Navigating complex Puppet setups - part 1

In this series of blogs I will explain how to not get lost in complex Puppet setups.

December 16, 2014
puppet

The downside to ‘Puppetizing’ everything is that you usually end up with huge amounts of code. In this series of blogs I will explain how to not get lost in complex Puppet setups.

(Looking for part 2? You can find it here )

How to get a complex Puppet setup

Introduction

About a year ago one of my clients, a software development company called Avisi, asked me to help them design and build new infrastructure for their company. They ofcourse had a few requirements about security, scalability, performance, flexibility, etcetera. But there were a few notable requirements:

no more ‘sudo/root’ permissions for developers
eliminating manual changes
up-to-date documentation (or better: self-documenting)
self-service for developers

From the start, it was clear that automation was going to be a key part of our infrastructure. As we had prior experience with Puppet, we decided to ‘Puppet all the things’. That was easier said than done, though.
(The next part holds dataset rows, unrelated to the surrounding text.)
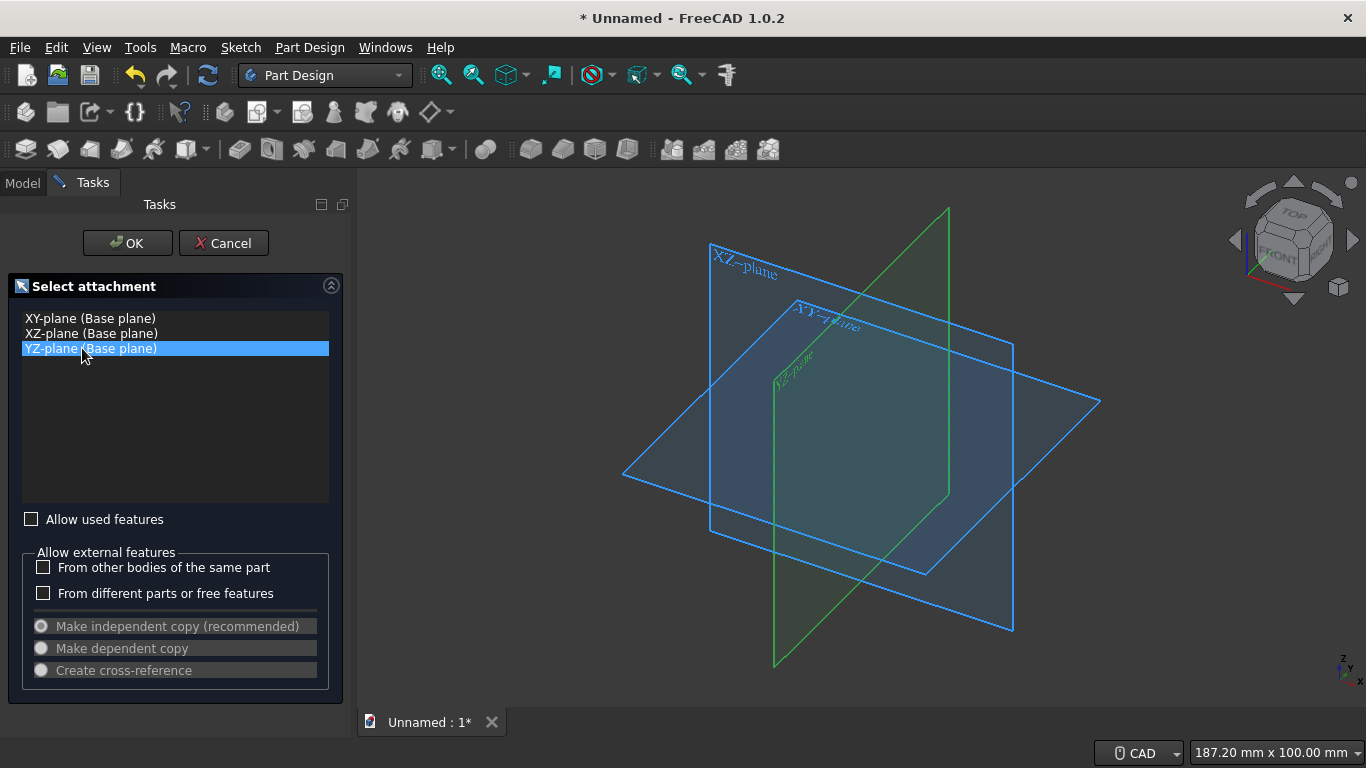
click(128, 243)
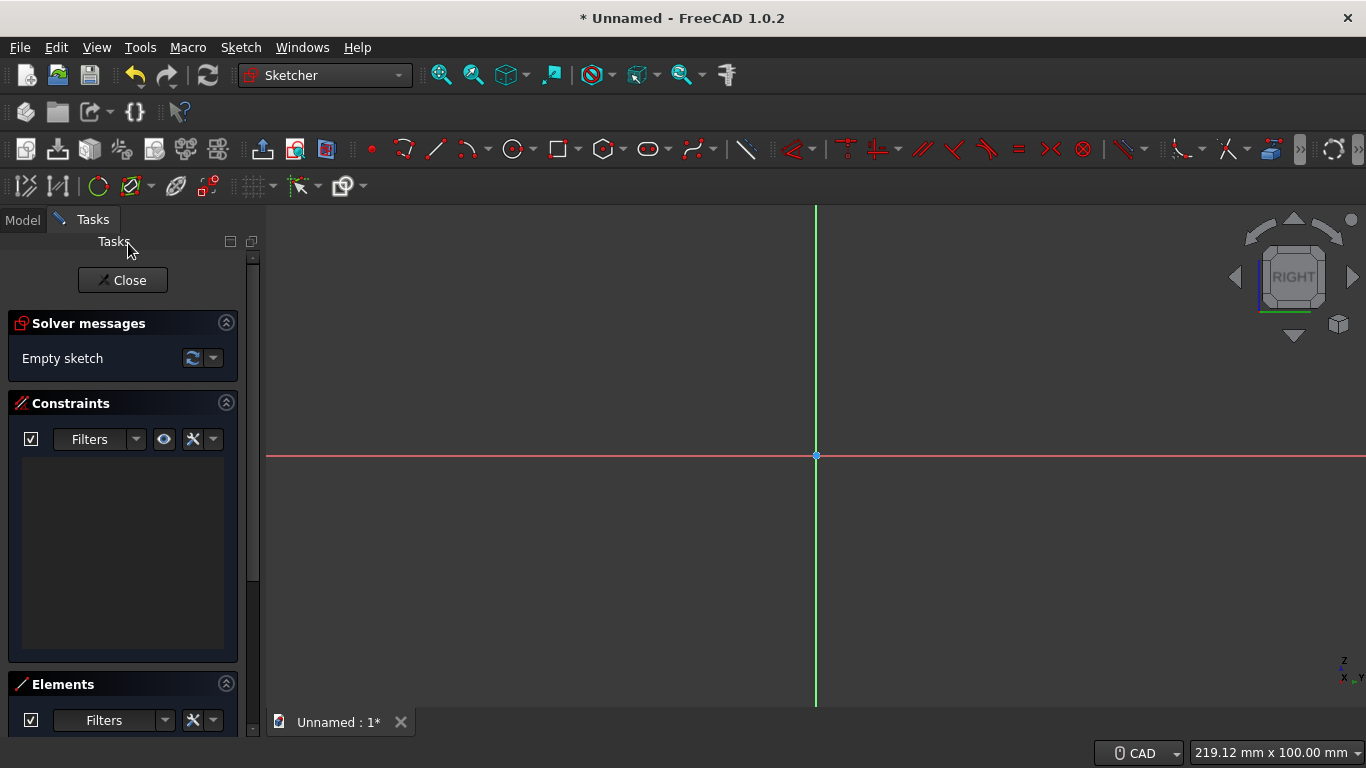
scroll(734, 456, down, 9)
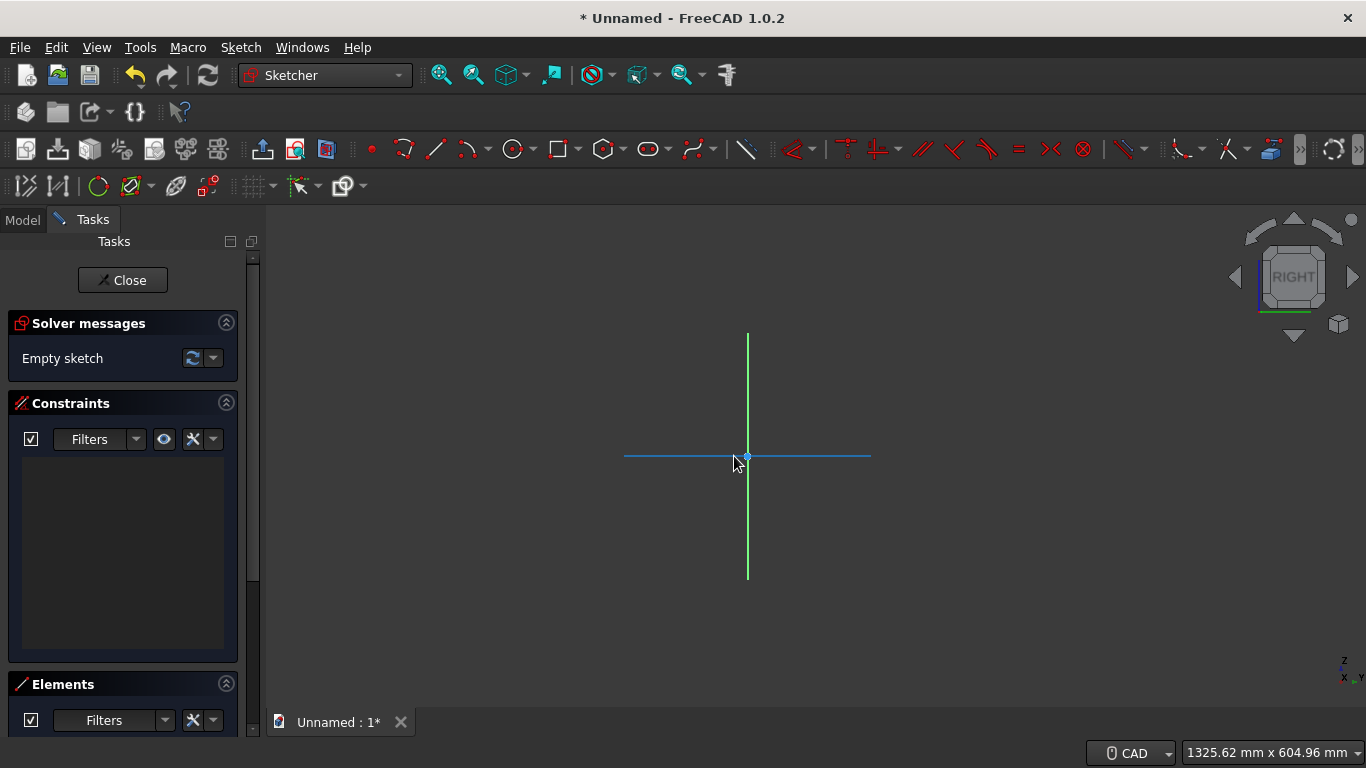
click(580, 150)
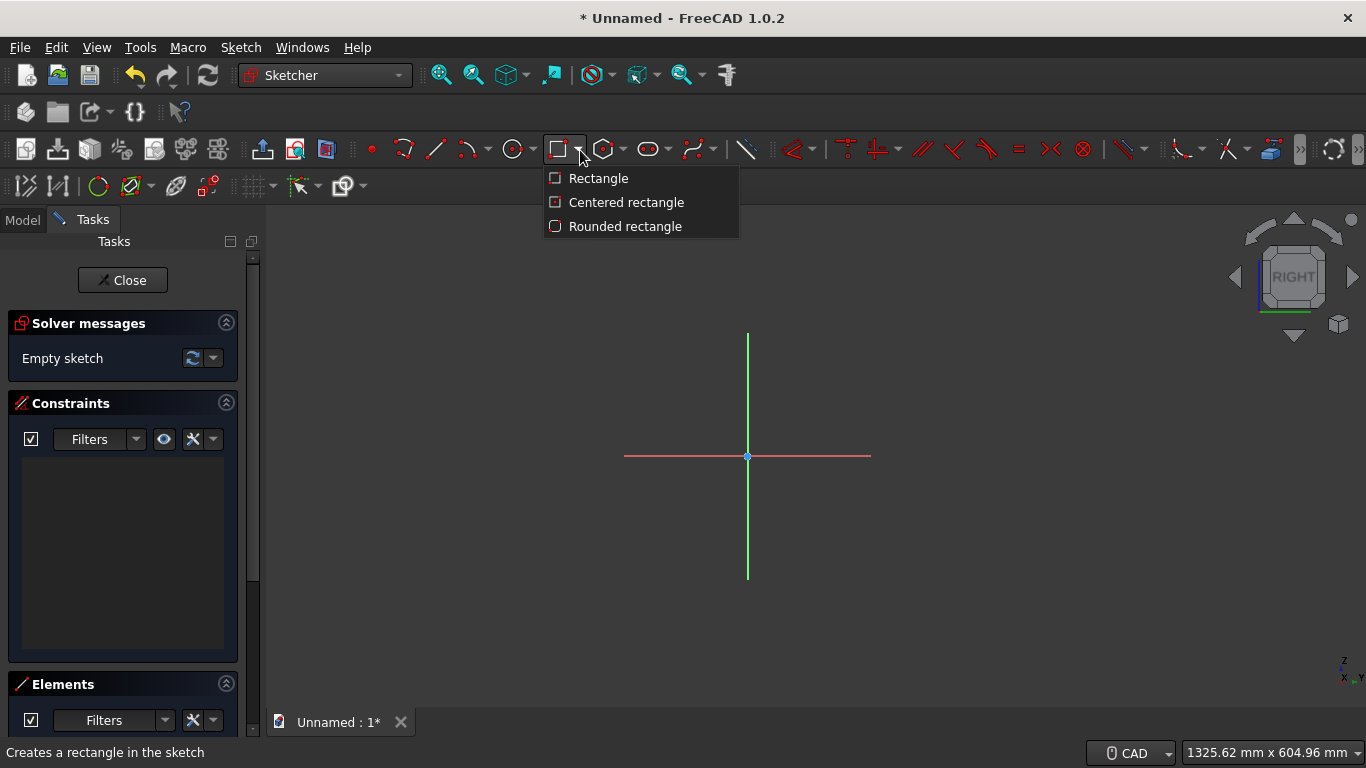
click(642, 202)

We had to deal with several different development teams that had very different requirements, wanted support for different Linux distributions, different versions of Java, Oracle, PHP, MySQL, etcetera. Then there were all the infrastructure services (DNS, LDAP, backup, syslog, monitoring), development services (SCM, build, test, deploy, repository, QA tooling), collaboration services (issue tracking, wiki) some websites and the usual ‘one-offs’, that all needed to be ‘Puppetized’.

Mission: successful?

One year down the road we seem to have accomplished everything we set out to do. We have eliminated root permissions for developers and manual changes, deploying new servers takes just minutes and includes fully automated configuration of monitoring and backup. But most important, the developers are actively using Puppet to deploy their applications on the development infrastructure.

This has resulted in a fairly large codebase. Some numbers:

total lines of code: about 380k
Puppet modules developed in-house: 91
Upstream Puppet modules used: 49
Downtime related to config errors: none in the past 6 months

The problem

While the above may seem pretty successful, our fairly complex Puppet setup did introduce a few new challenges:

some tasks that took just a few seconds before, now take up to a few hours because of code reviews.
in the past, everyone with rudimentary sysadmin skills could do perform basic sysadmin tasks. Now, basic Puppet knowledge gets you nowhere.
When you first start working with the Puppet codebase, it can be quite intimidating.
When you want to change something, it is sometimes difficult to find out exactly where to find the code that needs to be changed.
Puppet doesn’t guide you in how to handle includes/inheritance.

Solving the problem

There is no single solution to this problem, but there are a few guidelines that could help you steer clear from the common pitfalls of complex Puppet setups.

Separate data from code

Separating data from code has a few advantages. First, it allows for easy re-use of code. Second, it forces you to think ahead while writing code, make your modules highly configurable, and decide on sane defaults. Third, it allows you to expose the ‘data-part’, or node-classification separately, so the actual configuration of your nodes doesn’t necessarily require any programming skills.

When separating data from code, you obviously need a place to store your data. The most obvious choice currently is Hiera, which is built into Puppet. Hiera is a key/value lookup tool that uses a configurable hierarchy and supports multiple backends.

Other options are ENCs (External Node Classifiers) like the Puppet Enterprise Dashboard or The Foreman.

Depending on the node classifier you choose, you can configure nodes using YAML, JSON or web interfaces.

Separate upstream code from in-house code

There is nothing wrong with using good Puppet modules from the Puppet Forge. However, separating those modules from the modules you developed in-house has a few advantages:

you can use a Puppetfile and R10K to automatically deploy your upstream modules, as well as specify the exact versions you need.
it makes it obvious which modules are ‘static’ and should not be modified. (if modifications are needed, you simply fork the module and move it to your in-house code)
because of the generic nature of the modules, a separate location makes for an easily searchable ‘library’ of generic functionality.

Do not make spaghetti

It’s easy to build a Puppet module that includes or inherits another. And another. Which includes another. Etcetera. As long as no ‘inheritance loop’ is created, Puppet will not complain.

But your developers will, because you are making spaghetti.

This is not to say that inheriting of including other modules is bad, because it isn’t. You just need to decide on certain rules.

Confused? Read on.

Classifying modules

It can be a very good idea to classify modules. For instance:

generic level: usually upstream modules.
company level: defining a company standard for certain functionality.
project level: implementing the company level module but with certain project-specific settings.
role level: creating a role which consists of a set combination of modules.

We could easily use the classification levels defined above to avoid inheritance ‘spaghetti’:

Any module can only implement or inherit modules that are less specific than the module itself.

What’s next?

In the next part of this series I will dive a little deeper into module classification, managing upstream modules, and setting up a local development environment.